Elizabeth Bigg had not sat down all evening. Mr John Harwood, originator of Elizabeth’s confusion at Steventon the previous day, arrived late, but not too late to engage her for most of the remaining dances. Jenny took great pleasure in seeing them together. She had always approved of John Harwood, a thoughtful man who always took immaculate care of any woman whose welfare he was charged with. His admiration of Elizabeth was evident in every movement of his face, and it was wonderful to see Elizabeth’s fair head dipping and turning as they spoke, and his hand gripping hers as they went down the dance. Meanwhile, William Heathcote acquitted himself very elegantly in a Scotch air with an unknown girl in a blue dress, and Jenny danced twice with the energetic Ben Lefroy.
Supper was done, and all but a few scavengers determined to get their full ticket’s worth of refreshment had quitted the supper room. The would-be dancers had returned to the ballroom in threes and fours, and the predicted air of relaxation had descended upon the assembly, when Elizabeth Bigg appeared, flushed and bright-eyed, at Jenny’s side.

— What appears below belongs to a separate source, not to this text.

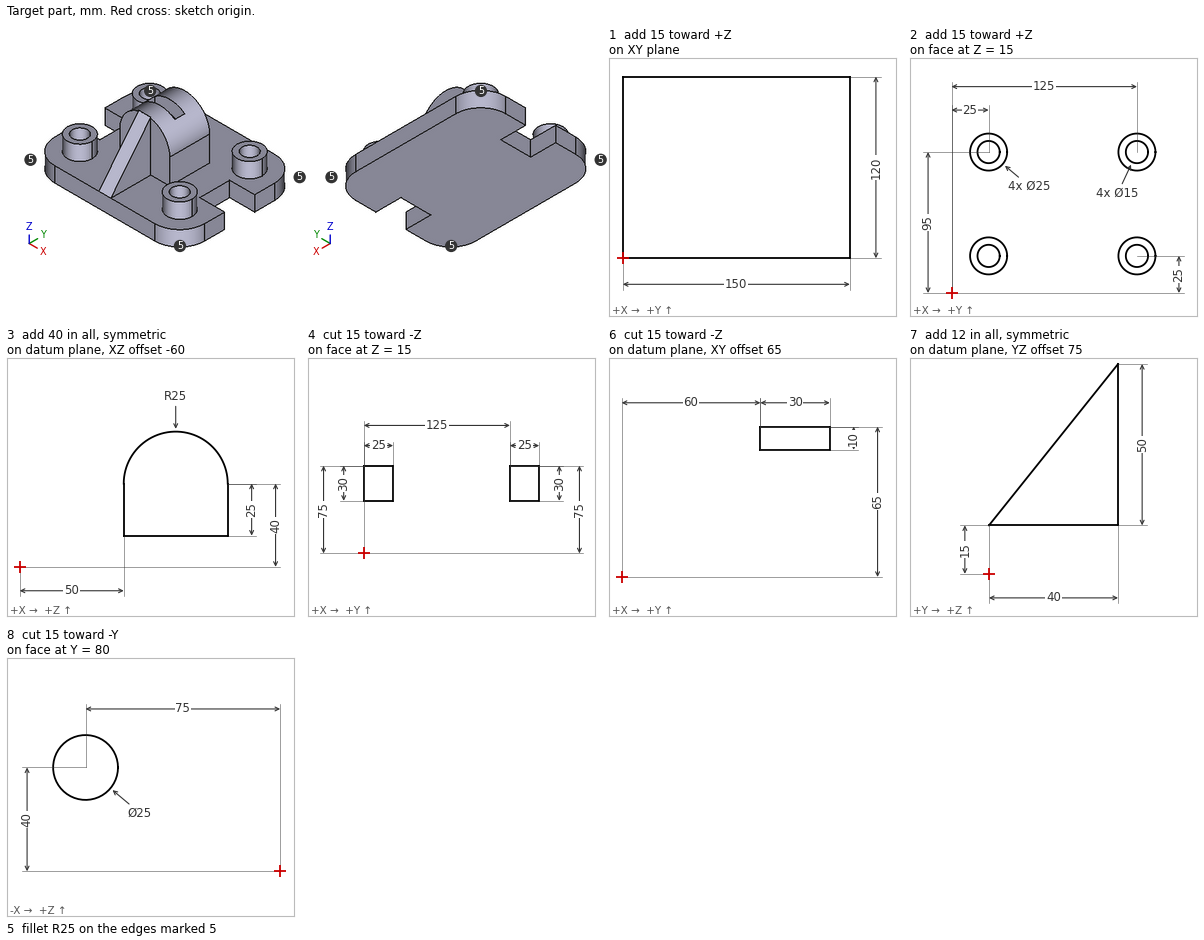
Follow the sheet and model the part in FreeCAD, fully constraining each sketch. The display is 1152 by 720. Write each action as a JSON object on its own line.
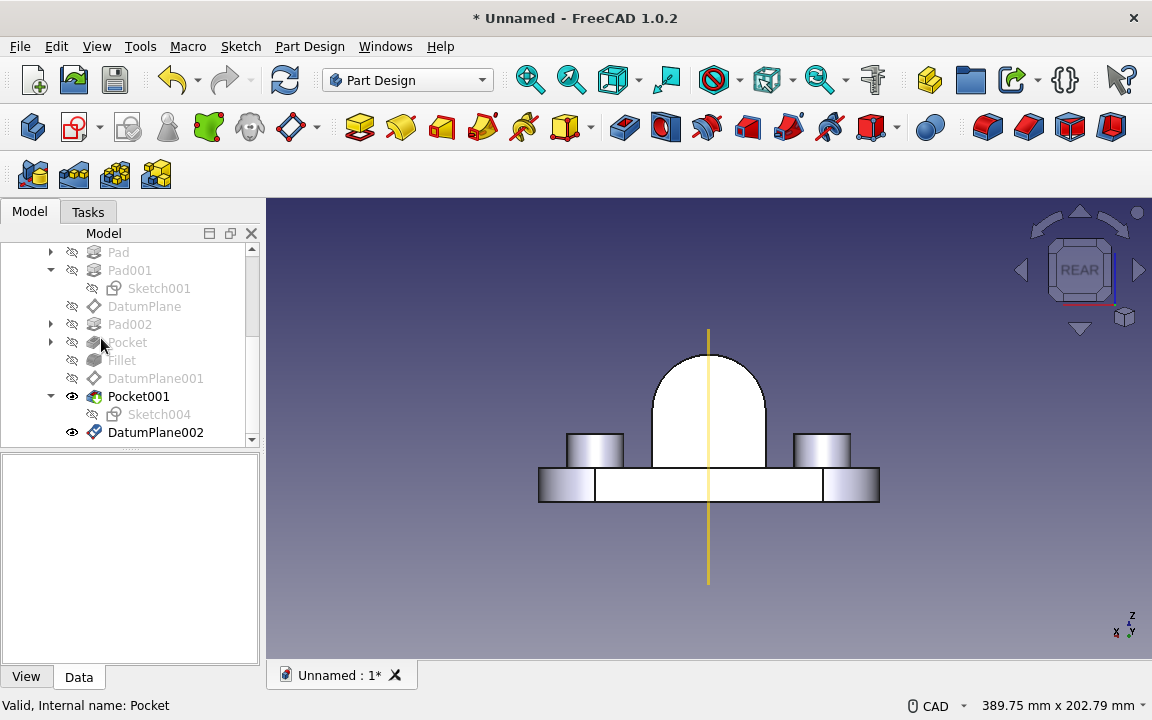
{"action": "left_click", "coordinate": [117, 432]}

“He is here!” she announced in a loud whisper, though the noise was so great that nobody would have heard her had she shouted. “Oh, Jenny, I have waited all my life for him, but at last he has arrived, just when I had given up hope!”
“Who?” asked Jenny, utterly bewildered. “Mr Harwood? But—”
“Do not pretend you are unaware, Jenny, it is too cruel.”
“Cruel?” Jenny was astonished. “But Elizabeth—”
“You danced with him. I saw you, so do not deny it. And I had to put up with John Lyford! But now he has asked me to dance the last with him.”
“Are you speaking of Mr Heathcote?” asked Jenny. But he had engaged her, much earlier in the evening, for the last dance! Elizabeth had accused her of cruelty, but what could she, Jenny, accuse him of? Forgetfulness, or worse?
“Yes, Mr Heathcote!” cried Elizabeth. “Is he not the most perfect man you have ever seen? I have been speaking to him for the last half hour, in the supper room while the servants were clearing it. He did not mind sitting among the crumbs, because all he wanted to do was look at me. Oh, Jenny, when he takes my hand in the cotillion, and everyone is looking at him and thinking how handsome he is, why, I don’t know how I shall stop myself shouting with joy!”
“But what about Mr Harwood?” asked Jenny faintly.
“Oh, I have had some dances with him. But, you know, he is not an accomplished dancer, and stepped repeatedly upon my gown. Oh, do not tell me Mr Heathcote dances clumsily! I cannot bear to hear it!”
Jenny’s feelings hovered between disappointment for herself, greater disappointment for Mr Harwood, and happiness for Elizabeth, who clearly considered herself to have captured the affections of handsome Mr Heathcote. For his part, the vision of loveliness he saw across the leftovers must have obliterated the memory of the younger, less striking girl who was faithfully saving the last dance for him.
“He dances very well, Elizabeth,” Jenny assured her. “And I am quite sure you and he will attract the attention of the whole room.”
Elizabeth embraced her impetuously. “What a good friend you are, Jenny! And is it not strange that everything can be going along quite normally, with John This and John That all in their usual places, and then the world stands on its head because a William Somebody has arrived!”
“Most strange,” said Jenny, feeling suddenly hot.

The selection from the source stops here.